# If you know there is a mistake on a print?



## sparky105 (Sep 29, 2009)

If you notice that the prints have mistakes while you are doing a quote do you mention it or quote the mistake and hope for extras?


----------



## MacroManage (Apr 29, 2010)

sparky105 said:


> If you notice that the prints have mistakes while you are doing a quote do you mention it or quote the mistake and hope for extras?


Change orders rule the world.


----------



## leland (Dec 28, 2007)

MacroManage said:


> Change orders rule the world.



Off the prints. If you goof up, who is there to cover your back?

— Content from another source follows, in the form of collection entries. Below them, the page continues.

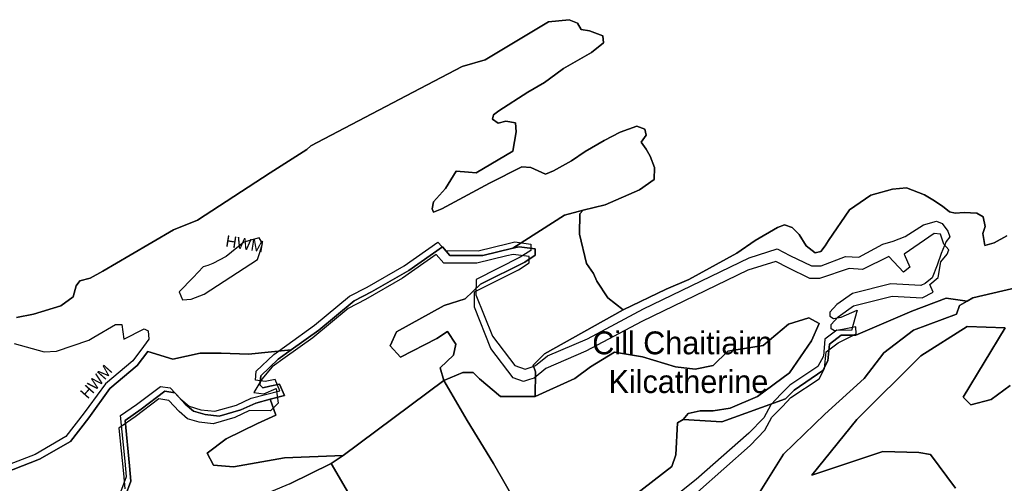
# Model space of a CAD drawing. Extents: x 463979 to 467979, y 555064 to 557157.
# Tile 14 of 82: x 464910 to 465153, y 555900 to 556014. Entities that reach past the tile are written whole.
import ezdxf

# ---------------------------------------------------------------- set-up
doc = ezdxf.new("R2010")
doc.units = 0
doc.header["$MEASUREMENT"] = 0
doc.layers.add('OS MAP', color=7, linetype='Continuous')

msp = doc.modelspace()

# ---------------------------------------------------------------- linework, layer by layer
at = {"layer": 'OS MAP'}
for p, q in [((464990.05, 555906.81), (465014.84, 555925.36)), ((464987.03, 555904.87), (464990.05, 555906.81)), ((464976.82, 555899.79), (464987.03, 555904.87))]:
    msp.add_line(p, q, dxfattribs=at)
for points in [[(464900.03, 555900.08), (464915.06, 555905.86), (464922.67, 555910.3), (464927.19, 555916.14), (464932.4, 555923.35), (464939.16, 555929), (464941.79, 555932.5), (464947.98, 555930.57), (464954.72, 555932.09), (464959.89, 555932.06), (464966.61, 555931.85), (464977.21, 555932.9), (464984.03, 555937.79), (464992.7, 555944.98), (464997.02, 555947.2), (465006.19, 555952.49), (465014.5, 555958.31), (465016.38, 555956.23), (465024.49, 555956.18), (465031.88, 555957.98), (465044.69, 555966.19), (465049.28, 555967.43), (465054.73, 555968.7), (465063.2, 555972.44), (465066.84, 555975.01), (465066.85, 555977.94), (465065.83, 555980.7), (465064.81, 555982.43), (465063.61, 555984.17), (465064.83, 555985.88), (465064.49, 555987.44), (465062.48, 555988.11), (465058.42, 555986.63), (465054.49, 555984.57), (465049.73, 555981.86), (465046.38, 555979.55), (465041.93, 555977.1), (465040, 555976.26), (465039.08, 555976.72), (465036.33, 555977.94), (465034.09, 555978.13), (465026.14, 555974.03), (465014.38, 555967.72), (465012.3, 555966.87), (465011.96, 555967.73), (465012.32, 555969.45), (465015.27, 555972.71), (465017.88, 555977.01), (465020.98, 555976.82), (465022.88, 555976.64), (465031.87, 555981.93), (465032.76, 555986.76), (465032.6, 555989), (465030.19, 555989.36), (465028.29, 555988.85), (465026.92, 555989.89), (465027.09, 555990.93), (465028.48, 555991.95), (465035.58, 555996.57), (465039.73, 555998.96), (465042.5, 556001.01), (465044.4, 556002.38), (465051.32, 556006.31), (465054.27, 556008.7), (465054.1, 556010.43), (465050.83, 556011.66), (465048.77, 556012.01), (465047.91, 556013.57), (465045.85, 556014.44), (465040.67, 556013.95), (465025.1, 556004.56), (465019.4, 556002.87), (465009.03, 555997.41), (464990.35, 555987.69), (464982.05, 555983.25), (464981.01, 555982.39), (464972.01, 555976.58), (464954.01, 555964.96), (464948.13, 555962.58), (464937.41, 555956.26), (464930.66, 555952.33), (464927.55, 555950.62), (464924.96, 555949.95), (464924.09, 555948.75), (464923.38, 555945.99), (464920.27, 555943.77), (464913.53, 555941.73), (464909.39, 555940.9)], [(464909.39, 555940.9), (464913.53, 555941.73), (464920.27, 555943.77), (464923.38, 555945.99), (464924.09, 555948.75), (464924.96, 555949.95), (464927.55, 555950.62), (464930.66, 555952.33), (464937.41, 555956.26), (464948.13, 555962.58), (464954.01, 555964.96), (464972.01, 555976.58), (464981.01, 555982.39), (464982.05, 555983.25), (464990.35, 555987.69), (465009.03, 555997.41), (465019.4, 556002.87), (465025.1, 556004.56), (465040.67, 556013.95), (465045.85, 556014.44), (465047.91, 556013.57), (465048.77, 556012.01), (465050.83, 556011.66), (465054.1, 556010.43), (465054.27, 556008.7), (465051.32, 556006.31), (465044.4, 556002.38), (465042.5, 556001.01), (465039.73, 555998.96), (465035.58, 555996.57), (465028.48, 555991.95), (465027.09, 555990.93), (465026.92, 555989.89), (465028.29, 555988.85), (465030.19, 555989.36), (465032.6, 555989), (465032.76, 555986.76), (465031.87, 555981.93), (465022.88, 555976.64), (465020.98, 555976.82), (465017.88, 555977.01), (465015.27, 555972.71), (465012.32, 555969.45), (465011.96, 555967.73), (465012.3, 555966.87), (465014.38, 555967.72), (465026.14, 555974.03), (465034.09, 555978.13), (465036.33, 555977.94), (465039.08, 555976.72), (465040, 555976.26), (465041.93, 555977.1), (465046.38, 555979.55), (465049.73, 555981.86), (465054.49, 555984.57), (465058.42, 555986.63), (465062.48, 555988.11), (465064.49, 555987.44), (465064.83, 555985.88), (465063.61, 555984.17), (465064.81, 555982.43), (465065.83, 555980.7), (465066.85, 555977.94), (465066.84, 555975.01), (465063.2, 555972.44), (465054.73, 555968.7), (465049.28, 555967.43), (465048.43, 555966.47), (465048.4, 555961.47), (465050.09, 555954.22), (465051.8, 555951.79), (465052.65, 555949.89), (465055.38, 555945.74), (465059.16, 555942.79), (465069.78, 555947.92), (465075.32, 555950.3), (465087.25, 555956.79), (465091.75, 555959.87), (465097.29, 555963.11), (465099.02, 555963.79), (465100.91, 555963.09), (465102.62, 555961.36), (465104.33, 555958.59), (465106.57, 555956.85), (465107.95, 555957.19), (465108.99, 555958.56), (465109.86, 555959.94), (465115.07, 555967.49), (465120.27, 555971.09), (465125.62, 555972.61), (465129.07, 555972.93), (465133.54, 555971.18), (465135.61, 555969.96), (465138.01, 555968.4), (465139.73, 555967.01), (465141.11, 555966.66), (465143.35, 555966.82), (465146.45, 555966.63), (465148, 555965.76), (465148.5, 555963.34), (465147.97, 555961.62), (465148.48, 555958.68), (465150.72, 555959.36), (465153.84, 555961.07)], [(465153.84, 555961.07), (465150.72, 555959.36), (465148.48, 555958.68), (465147.97, 555961.62), (465148.5, 555963.34), (465148, 555965.76), (465146.45, 555966.63), (465143.35, 555966.82), (465141.11, 555966.66), (465139.73, 555967.01), (465138.01, 555968.4), (465135.61, 555969.96), (465133.54, 555971.18), (465129.07, 555972.93), (465125.62, 555972.61), (465120.27, 555971.09), (465115.07, 555967.49), (465109.86, 555959.94), (465108.99, 555958.56), (465107.95, 555957.19), (465106.57, 555956.85), (465104.33, 555958.59), (465102.62, 555961.36), (465100.91, 555963.09), (465099.02, 555963.79), (465097.29, 555963.11), (465091.75, 555959.87), (465087.25, 555956.79), (465075.32, 555950.3), (465069.78, 555947.92), (465059.16, 555942.79), (465039.69, 555931.88), (465036.92, 555929.14), (465037.5, 555927.45), (465037.43, 555921.41), (465047.18, 555925.81), (465051.09, 555928.7), (465057.04, 555932.33), (465063.89, 555931.21), (465072.03, 555928.69), (465076.93, 555928.13), (465081.37, 555929.06), (465084.98, 555932.57), (465093.73, 555933.97), (465099.97, 555939.28), (465104.98, 555940.81), (465107.56, 555939.41), (465105.64, 555935.11), (465100.24, 555927.21), (465092.28, 555921.4), (465085.54, 555918.5), (465081.4, 555917.84), (465078.12, 555917.85), (465075.19, 555917.18), (465073.98, 555915.67)], [(465037.43, 555921.41), (465037.5, 555927.45), (465036.92, 555929.14), (465039.69, 555931.88), (465059.16, 555942.79), (465055.38, 555945.74), (465052.65, 555949.89), (465051.8, 555951.79), (465050.09, 555954.22), (465048.4, 555961.47), (465048.43, 555966.47), (465049.28, 555967.43), (465044.69, 555966.19), (465031.88, 555957.98), (465033.47, 555958.37), (465037.43, 555957.83), (465037.42, 555956.28), (465034.83, 555954.57), (465023.93, 555949.11), (465020.12, 555945.51), (465014.94, 555943.82), (465003.18, 555937.33), (465001.61, 555933.89), (465004.18, 555931.12), (465013.17, 555935.72), (465015.77, 555937.43), (465017.82, 555934.32), (465017.29, 555931.56), (465013.99, 555928.48), (465014.84, 555925.36), (465019.53, 555927.29), (465022.14, 555927.31), (465023.68, 555925.75), (465028.83, 555921.41), (465037.43, 555921.41)], [(464933.7, 555894.07), (464936.5, 555901.64), (464936.18, 555905.44), (464935.04, 555916.65), (464939.02, 555919.39), (464944.91, 555923.84), (464947.32, 555923.48), (464949.89, 555920.71), (464951.95, 555918.97), (464954.88, 555918.09), (464958.32, 555917.73), (464963.68, 555919.25), (464967.31, 555920.95), (464970.87, 555921.89), (464974.39, 555922.81), (464973.2, 555925.58), (464970.78, 555925.07), (464968.37, 555925.43), (464968.55, 555927.67), (464972.89, 555931.79), (464976.1, 555934.08), (464982.93, 555938.97), (464991.59, 555946.16), (464995.91, 555948.38), (465005.08, 555953.67), (465013.39, 555959.49), (465015.28, 555957.41), (465023.38, 555957.36), (465030.78, 555959.17), (465032.36, 555959.55), (465036.32, 555959.02), (465036.31, 555957.46), (465033.72, 555955.75), (465022.82, 555950.3), (465022.8, 555946.5), (465026.88, 555936.31), (465032.36, 555929.04), (465034.94, 555928.16), (465036.39, 555928.63), (465037.53, 555929.01), (465040.47, 555931.4), (465050.33, 555935.66), (465064.16, 555942.99), (465090.27, 555955.61), (465097.18, 555957.81), (465100.28, 555956.24), (465105.61, 555953.62), (465108.02, 555953.61), (465114.07, 555955.99), (465117.35, 555955.8), (465123.23, 555959.04), (465125.82, 555959.71), (465128.76, 555960.91), (465133.26, 555963.81), (465136.54, 555964.66), (465137.91, 555964.13), (465139.28, 555962.23), (465139.79, 555960.84), (465138.92, 555959.64), (465137.7, 555956.72)], [(465077.51, 555897.78), (465090.51, 555909.26), (465094.15, 555913.03), (465095.89, 555916.3), (465098.46, 555918.94), (465100.58, 555921.1), (465107.5, 555925.72), (465108.89, 555928.3), (465109.26, 555932.43), (465112.2, 555934.66), (465116.69, 555936.84), (465116.56, 555938.57), (465113.26, 555937.93), (465111.36, 555937.59), (465110.5, 555938.12), (465110.51, 555939.15), (465112.24, 555941.04), (465116.05, 555943.78), (465125.55, 555946.14), (465132.96, 555945.75), (465135.72, 555947.12), (465134.87, 555949.07), (465136.95, 555950.73), (465137.61, 555954.6), (465139.13, 555956.57), (465139.54, 555957.59), (465138.31, 555958.98), (465137.53, 555961.47), (465135.97, 555961.63), (465128.53, 555956.54), (465129.95, 555953.36), (465128.37, 555952.12), (465124.7, 555955.97), (465118.27, 555952.77), (465114.95, 555953.01), (465107.64, 555950.54), (465105.23, 555950.55), (465099.89, 555953.17), (465096.8, 555954.74), (465089.89, 555952.54), (465063.78, 555939.92), (465049.95, 555932.59), (465040.09, 555928.33), (465037.15, 555925.94), (465036.01, 555925.56), (465034.56, 555925.09), (465031.98, 555925.97), (465026.5, 555933.24), (465022.42, 555943.43), (465022.44, 555947.23), (465033.33, 555952.68), (465035.93, 555954.39), (465035.94, 555955.95), (465031.98, 555956.48), (465030.39, 555956.1), (465023, 555954.29), (465014.89, 555954.34), (465013.01, 555956.42), (465004.7, 555950.6), (464995.53, 555945.31), (464991.21, 555943.09), (464982.54, 555935.9), (464975.71, 555931.02), (464972.5, 555928.72), (464969.91, 555925.67), (464967.98, 555922.36), (464970.39, 555922), (464973.49, 555923.35), (464974, 555919.74), (464972.11, 555917.86), (464966.92, 555917.88), (464963.29, 555916.18), (464957.94, 555914.66), (464954.49, 555915.02), (464951.57, 555915.9), (464949.51, 555917.64), (464946.94, 555920.41), (464944.52, 555920.77), (464938.64, 555916.32), (464934.65, 555913.58), (464935.8, 555902.37), (464936.12, 555898.57)], [(465077.51, 555897.78), (465090.51, 555909.26), (465094.15, 555913.03), (465095.89, 555916.3), (465098.46, 555918.94), (465100.58, 555921.1), (465107.5, 555925.72), (465108.89, 555928.3), (465109.26, 555932.43), (465112.2, 555934.66), (465116.69, 555936.84), (465116.56, 555938.57), (465113.26, 555937.93), (465111.36, 555937.59), (465110.5, 555938.12), (465110.51, 555939.15), (465112.24, 555941.04), (465116.05, 555943.78), (465125.55, 555946.14), (465132.96, 555945.75), (465135.72, 555947.12), (465134.87, 555949.07), (465136.95, 555950.73), (465137.61, 555954.6), (465139.13, 555956.57), (465139.54, 555957.59), (465138.31, 555958.98), (465137.53, 555961.47), (465135.97, 555961.63), (465128.53, 555956.54), (465129.95, 555953.36), (465128.37, 555952.12), (465124.7, 555955.97), (465118.27, 555952.77), (465114.95, 555953.01), (465107.64, 555950.54), (465105.23, 555950.55), (465099.89, 555953.17), (465096.8, 555954.74), (465089.89, 555952.54), (465063.78, 555939.92), (465049.95, 555932.59), (465040.09, 555928.33), (465037.15, 555925.94), (465036.01, 555925.56), (465034.56, 555925.09), (465031.98, 555925.97), (465026.5, 555933.24), (465022.42, 555943.43), (465022.44, 555947.23), (465033.33, 555952.68), (465035.93, 555954.39), (465035.94, 555955.95), (465031.98, 555956.48), (465030.39, 555956.1), (465023, 555954.29), (465014.89, 555954.34), (465013.01, 555956.42), (465004.7, 555950.6), (464995.53, 555945.31), (464991.21, 555943.09), (464982.54, 555935.9), (464975.71, 555931.02), (464972.5, 555928.72), (464969.91, 555925.67), (464967.98, 555922.36), (464970.39, 555922), (464973.49, 555923.35), (464974, 555919.74), (464972.11, 555917.86), (464966.92, 555917.88), (464963.29, 555916.18), (464957.94, 555914.66), (464954.49, 555915.02), (464951.57, 555915.9), (464949.51, 555917.64), (464946.94, 555920.41), (464944.52, 555920.77), (464938.64, 555916.32), (464934.65, 555913.58), (464935.8, 555902.37), (464936.12, 555898.57)], [(464956.56, 555953.77), (464955.43, 555953.37), (464953, 555950.79), (464949.53, 555947.19), (464950.38, 555945.29), (464952.45, 555945.45), (464955.73, 555946.64), (464968.89, 555955.19), (464969.41, 555956.91), (464970.11, 555959.15), (464969.26, 555960.53), (464965.46, 555959.52), (464961.13, 555955.92), (464957.84, 555954.22), (464956.56, 555953.77)], [(465014.84, 555925.36), (465013.99, 555928.48), (465017.29, 555931.56), (465017.82, 555934.32), (465015.77, 555937.43), (465013.17, 555935.72), (465004.18, 555931.12), (465001.61, 555933.89), (465003.18, 555937.33), (465014.94, 555943.82), (465020.12, 555945.51), (465023.93, 555949.11), (465034.83, 555954.57), (465037.42, 555956.28), (465037.43, 555957.83), (465033.47, 555958.37), (465031.88, 555957.98), (465024.49, 555956.18), (465016.38, 555956.23), (465014.5, 555958.31), (465006.19, 555952.49), (464997.02, 555947.2), (464992.7, 555944.98), (464984.03, 555937.79), (464977.21, 555932.9), (464973.99, 555930.6), (464969.66, 555926.49), (464969.47, 555924.25), (464970.16, 555923.55), (464971.89, 555923.89), (464974.3, 555924.39), (464975.49, 555921.63), (464971.97, 555920.7), (464973.38, 555916.74), (464968.88, 555914.69), (464961.1, 555910.94), (464956.43, 555907.35), (464957.96, 555904.41), (464962.96, 555904.04), (464975.56, 555906.2), (464990.05, 555906.81), (465014.84, 555925.36)], [(465014.84, 555925.36), (465013.99, 555928.48), (465017.29, 555931.56), (465017.82, 555934.32), (465015.77, 555937.43), (465013.17, 555935.72), (465004.18, 555931.12), (465001.61, 555933.89), (465003.18, 555937.33), (465014.94, 555943.82), (465020.12, 555945.51), (465023.93, 555949.11), (465034.83, 555954.57), (465037.42, 555956.28), (465037.43, 555957.83), (465033.47, 555958.37), (465031.88, 555957.98), (465024.49, 555956.18), (465016.38, 555956.23), (465014.5, 555958.31), (465006.19, 555952.49), (464997.02, 555947.2), (464992.7, 555944.98), (464984.03, 555937.79), (464977.21, 555932.9), (464973.99, 555930.6), (464969.66, 555926.49), (464969.47, 555924.25), (464970.16, 555923.55), (464971.89, 555923.89), (464974.3, 555924.39), (464975.49, 555921.63), (464971.97, 555920.7), (464973.38, 555916.74), (464968.88, 555914.69), (464961.1, 555910.94), (464956.43, 555907.35), (464957.96, 555904.41), (464962.96, 555904.04), (464975.56, 555906.2), (464990.05, 555906.81), (465014.84, 555925.36)], [(465137.7, 555956.72), (465136.65, 555953.79), (465135.42, 555950.69), (465133.69, 555949.32), (465132.65, 555948.81), (465125.24, 555949.2), (465115.74, 555946.84), (465111.93, 555944.1), (465110.2, 555942.22), (465110.19, 555941.18), (465111.05, 555940.66), (465112.95, 555940.99), (465116.93, 555942.69), (465115.52, 555937.7), (465111.9, 555937.72), (465108.95, 555935.5), (465108.59, 555931.36), (465107.19, 555928.78), (465100.27, 555924.17), (465098.16, 555922), (465095.59, 555919.36), (465093.84, 555916.1), (465090.2, 555912.33), (465077.2, 555900.85), (465062.31, 555889.03)], [(465073.98, 555915.67), (465083.47, 555915.1), (465099.26, 555920.82), (465101.38, 555922.98), (465108.41, 555927.81), (465109.69, 555930.18), (465110.06, 555934.31), (465113.01, 555936.54), (465116.63, 555936.52), (465130.46, 555942.48), (465138.92, 555945.7), (465144.06, 555944.96), (465145.47, 555945.77), (465161.36, 555949.47)], [(465161.36, 555949.47), (465145.47, 555945.77), (465144.06, 555944.96), (465142.18, 555943.89), (465141.45, 555941.73), (465130.86, 555937.74), (465123.47, 555932.18), (465118.62, 555925.84), (465108.93, 555916.98), (465098.73, 555907.11), (465090.92, 555894.61)], [(465090.92, 555894.61), (465098.73, 555907.11), (465108.93, 555916.98), (465118.62, 555925.84), (465123.47, 555932.18), (465130.86, 555937.74), (465141.45, 555941.73), (465142.18, 555943.89), (465144.06, 555944.96), (465138.92, 555945.7), (465130.46, 555942.48), (465116.63, 555936.52), (465113.01, 555936.54), (465110.06, 555934.31), (465109.69, 555930.18), (465108.41, 555927.81), (465101.38, 555922.98), (465099.26, 555920.82), (465083.47, 555915.1), (465073.98, 555915.67), (465072.59, 555914.91), (465072.19, 555906.98), (465071.15, 555904.1), (465049.67, 555887.49)], [(465049.67, 555887.49), (465071.15, 555904.1), (465072.19, 555906.98), (465072.59, 555914.91), (465073.98, 555915.67), (465075.19, 555917.18), (465078.12, 555917.85), (465081.4, 555917.84), (465085.54, 555918.5), (465092.28, 555921.4), (465100.24, 555927.21), (465105.64, 555935.11), (465107.56, 555939.41), (465104.98, 555940.81), (465099.97, 555939.28), (465093.73, 555933.97), (465084.98, 555932.57), (465081.37, 555929.06), (465076.93, 555928.13), (465072.03, 555928.69), (465063.89, 555931.21), (465057.04, 555932.33), (465051.09, 555928.7), (465047.18, 555925.81), (465037.43, 555921.41), (465028.83, 555921.41), (465023.68, 555925.75), (465022.14, 555927.31), (465019.53, 555927.29), (465014.84, 555925.36)], [(465049.67, 555887.49), (465071.15, 555904.1), (465072.19, 555906.98), (465072.59, 555914.91), (465073.98, 555915.67), (465075.19, 555917.18), (465078.12, 555917.85), (465081.4, 555917.84), (465085.54, 555918.5), (465092.28, 555921.4), (465100.24, 555927.21), (465105.64, 555935.11), (465107.56, 555939.41), (465104.98, 555940.81), (465099.97, 555939.28), (465093.73, 555933.97), (465084.98, 555932.57), (465081.37, 555929.06), (465076.93, 555928.13), (465072.03, 555928.69), (465063.89, 555931.21), (465057.04, 555932.33), (465051.09, 555928.7), (465047.18, 555925.81), (465037.43, 555921.41), (465028.83, 555921.41), (465023.68, 555925.75), (465022.14, 555927.31), (465019.53, 555927.29), (465014.84, 555925.36)], [(464916.16, 555932.38), (464919.27, 555932.54), (464927.22, 555935.25), (464928.47, 555936), (464933.79, 555939.18), (464935.34, 555939.17), (464935.84, 555935.55), (464940.85, 555938.1), (464941.89, 555937.58), (464942.05, 555935.51), (464940.68, 555933.69), (464938.05, 555930.19), (464931.29, 555924.53), (464927.23, 555918.92), (464926.08, 555917.32), (464921.57, 555911.49), (464913.95, 555907.05), (464898.92, 555901.27)], [(465154.66, 555924.07), (465149.99, 555920.65), (465144.98, 555919.3), (465143.09, 555921.2), (465153.46, 555938.34), (465144.11, 555938.64), (465132.62, 555931.38), (465116.81, 555915.68), (465105.75, 555901.96), (465123.29, 555907.79), (465132.14, 555907.57), (465135.01, 555907.03), (465141.17, 555898.72)], [(465141.17, 555898.72), (465135.01, 555907.03), (465132.14, 555907.57), (465123.29, 555907.79), (465105.75, 555901.96), (465116.81, 555915.68), (465132.62, 555931.38), (465144.11, 555938.64), (465153.46, 555938.34)], [(465153.46, 555938.34), (465143.09, 555921.2), (465144.98, 555919.3), (465149.99, 555920.65), (465154.66, 555924.07)], [(464908.76, 555934.49), (464916.16, 555932.38)], [(464977.21, 555932.9), (464966.61, 555931.85), (464959.89, 555932.06), (464954.72, 555932.09), (464947.98, 555930.57), (464941.79, 555932.5), (464939.16, 555929), (464932.4, 555923.35), (464927.19, 555916.14), (464922.67, 555910.3), (464915.06, 555905.86), (464900.03, 555900.08)], [(464934.81, 555892.89), (464937.61, 555900.46), (464937.29, 555904.26), (464936.15, 555915.47), (464940.13, 555918.21), (464946.02, 555922.66), (464948.43, 555922.3), (464951, 555919.52), (464953.06, 555917.79), (464955.98, 555916.91), (464959.43, 555916.55), (464964.78, 555918.07), (464968.41, 555919.77), (464971.97, 555920.7), (464975.49, 555921.63), (464974.3, 555924.39), (464971.89, 555923.89), (464970.16, 555923.55), (464969.47, 555924.25), (464969.66, 555926.49), (464973.99, 555930.6), (464977.21, 555932.9)], [(465039.08, 555885.12), (465035.14, 555890.92), (465027.17, 555904.87), (465020.66, 555915.49), (465014.84, 555925.36), (464990.05, 555906.81), (464987.03, 555904.87), (464994.19, 555892.6), (465001.86, 555878.66), (465008.95, 555866.22), (465012.75, 555859.93), (465021.07, 555863.65), (465027.67, 555870.85), (465033.74, 555877.37), (465037.62, 555884.72), (465039.08, 555885.12)], [(465039.08, 555885.12), (465035.14, 555890.92), (465027.17, 555904.87), (465020.66, 555915.49), (465014.84, 555925.36), (464990.05, 555906.81), (464987.03, 555904.87), (464994.19, 555892.6), (465001.86, 555878.66), (465008.95, 555866.22), (465012.75, 555859.93), (465021.07, 555863.65), (465027.67, 555870.85), (465033.74, 555877.37), (465037.62, 555884.72), (465039.08, 555885.12)], [(465014.84, 555925.36), (465020.66, 555915.49), (465027.17, 555904.87), (465035.14, 555890.92)], [(465014.84, 555925.36), (465020.66, 555915.49), (465027.17, 555904.87), (465035.14, 555890.92), (465039.08, 555885.12)], [(465014.84, 555925.36), (465020.66, 555915.49), (465027.17, 555904.87), (465035.14, 555890.92)], [(464976.82, 555899.79), (464987.03, 555904.87), (464990.05, 555906.81), (464975.56, 555906.2), (464962.96, 555904.04), (464957.96, 555904.41), (464956.43, 555907.35), (464961.1, 555910.94), (464968.88, 555914.69), (464973.38, 555916.74), (464971.97, 555920.7), (464968.41, 555919.77), (464964.78, 555918.07), (464959.43, 555916.55), (464955.98, 555916.91), (464953.06, 555917.79), (464951, 555919.52), (464948.43, 555922.3), (464946.02, 555922.66), (464940.13, 555918.21), (464936.15, 555915.47), (464937.29, 555904.26), (464937.61, 555900.46), (464934.81, 555892.89)], [(464976.82, 555899.79), (464987.03, 555904.87), (464990.05, 555906.81), (464975.56, 555906.2), (464962.96, 555904.04), (464957.96, 555904.41), (464956.43, 555907.35), (464961.1, 555910.94), (464968.88, 555914.69), (464973.38, 555916.74), (464971.97, 555920.7), (464968.41, 555919.77), (464964.78, 555918.07), (464959.43, 555916.55), (464955.98, 555916.91), (464953.06, 555917.79), (464951, 555919.52), (464948.43, 555922.3), (464946.02, 555922.66), (464940.13, 555918.21), (464936.15, 555915.47), (464937.29, 555904.26), (464937.61, 555900.46), (464934.81, 555892.89)], [(464976.82, 555899.79), (464958.7, 555892.25), (464960.16, 555888.98), (464969.03, 555869.21), (464977.28, 555849.72), (464978.8, 555846.23), (464982.19, 555848.35), (464992.9, 555851.56), (465005.86, 555856.84), (465012.75, 555859.93), (465008.95, 555866.22), (465001.86, 555878.66), (464994.19, 555892.6), (464987.03, 555904.87), (464976.82, 555899.79)], [(464976.82, 555899.79), (464958.7, 555892.25), (464960.16, 555888.98), (464969.03, 555869.21), (464977.28, 555849.72), (464978.8, 555846.23), (464982.19, 555848.35), (464992.9, 555851.56), (465005.86, 555856.84), (465012.75, 555859.93), (465008.95, 555866.22), (465001.86, 555878.66), (464994.19, 555892.6), (464987.03, 555904.87), (464976.82, 555899.79)], [(464987.03, 555904.87), (464994.19, 555892.6), (465001.86, 555878.66), (465008.95, 555866.22), (465012.75, 555859.93)]]:
    msp.add_lwpolyline(points, dxfattribs=at)

# ---------------------------------------------------------------- texts
for rotation, p in [(350.9621, (464960.82, 555958.44)), (48.2745, (464926.95, 555920.59))]:
    msp.add_text('HWM', height=2.822, rotation=rotation, dxfattribs=at).set_placement(p)
for s, p in [('Cill Chaitiairn', (465051.52, 555931.8)), ('Kilcatherine', (465055.54, 555922.24))]:
    msp.add_text(s, height=5.6444, dxfattribs=at).set_placement(p)

doc.saveas('drawing.dxf')

Your not being paid to design or engineer.
That's just how the 'cookie crumbles'.


----------



## MDShunk (Jan 7, 2007)

Bids are won by bidding exactly what's on the print. Profits are made on the change orders that follow to clear up the mistakes after you're already awarded the work.


----------



## MacroManage (Apr 29, 2010)

MDShunk said:


> Profits are made on the change orders that follow


The biggest earners aren't the foremen that push the men the hardest and get the most work done. It's the foreman who is more of a politician and gets the tickets signed.


----------



## goose134 (Nov 12, 2007)

MacroManage said:


> The biggest earners aren't the foremen that push the men the hardest and get the most work done. It's the foreman who is more of a politician and gets the tickets signed.


Amen! Can I get a witness?!


----------



## drsparky (Nov 13, 2008)

Chaos + Confusion = Cash


----------



## leland (Dec 28, 2007)

drsparky said:


> Chaos + Confusion = Cash



Not a truer word spoken.
Trouble is: sometimes it's cash out sometimes cash in.


----------



## 480sparky (Sep 20, 2007)

MDShunk said:


> Bids are won by bidding exactly what's on the print. Profits are made on the change orders that follow to clear up the mistakes after you're already awarded the work.









​


----------



## sparky105 (Sep 29, 2009)

I see now.
:thumbup:


----------



## william1978 (Sep 21, 2008)

480sparky said:


>


 That is the exact picture I though of when I started reading this thread.:thumbup:


----------